The fallout in Washington, and beyond, over this week’s firing of FBI leader James Comey by President Donald Trump, will likely continue for some time. But it is not because anyone on either side of the political spectrum is that upset Comey lost his job.

It’s more about how this happened and what it means.

Trump was right, after all, that Comey’s handling of the Hillary Clinton email issue late in the 2016 presidential election was highly questionable, having a direct impact on results. And Comey seemingly allowed too much information regarding any Russia probes to continually leak into the public realm, creating the illusion that our trusted national investigations bureau can’t be trusted at all.

Email newsletter signup

But Donald Trump seems to think he is still CEO of a company rather than President of the United States. And that’s why his firing of Comey isn’t going so well, with fallout expected to continue.
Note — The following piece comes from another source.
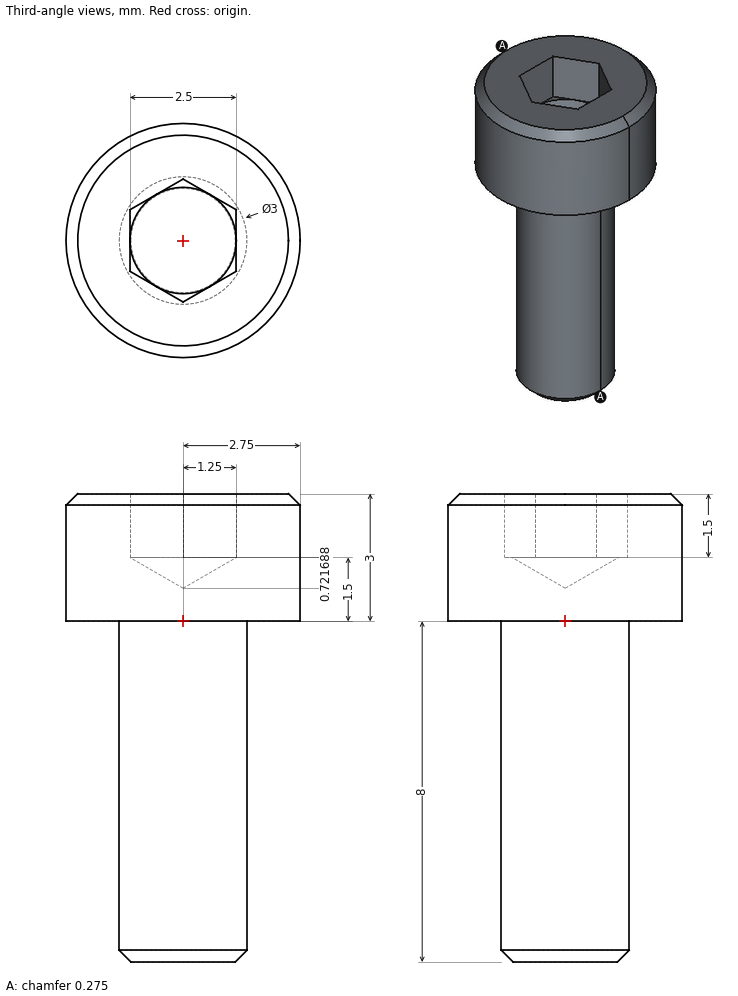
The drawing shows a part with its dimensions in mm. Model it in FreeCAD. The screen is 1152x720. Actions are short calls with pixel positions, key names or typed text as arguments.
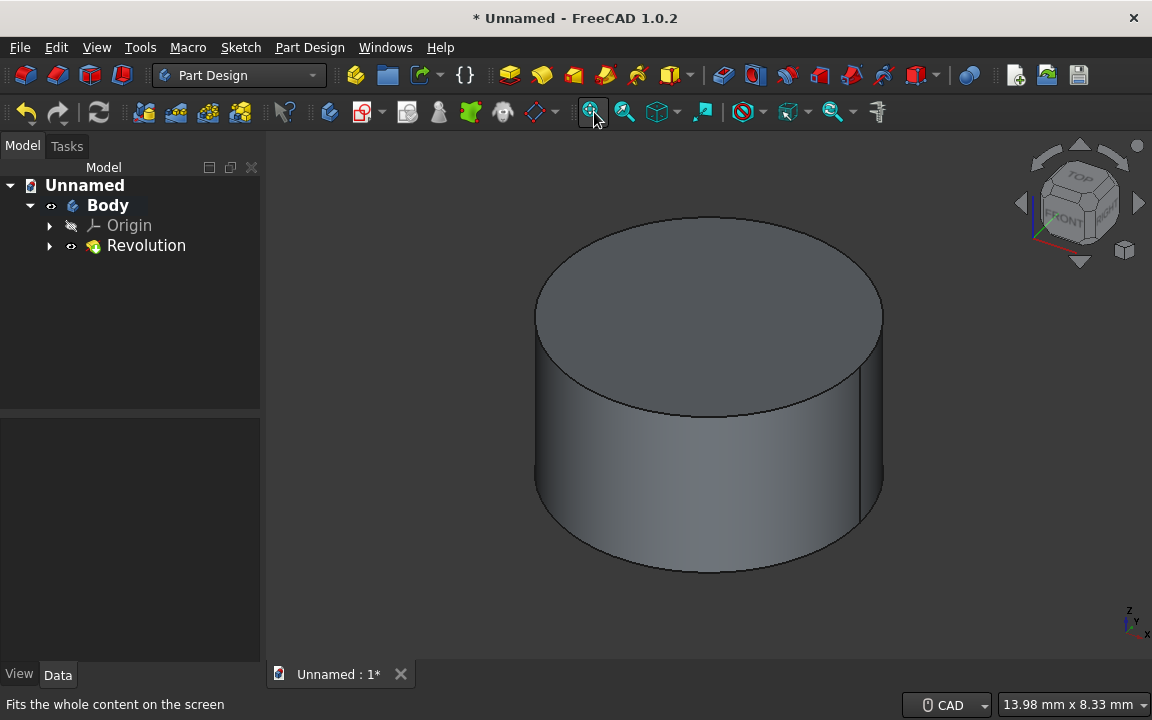
key(5)

The President clearly did not have a communications plan in place and many staffers learned of the firing the same way we did — through social media, news alerts and text messages. Staffers were unprepared to answer questions about the move and obviously did not have a strategy for shaping the agenda of how and why beyond the President’s short explanation.

Now, in Washington and beyond, there are more questions than anybody seems to be able to answer. And that means that Comey’s firing isn’t the end of anything.

It’s only the beginning.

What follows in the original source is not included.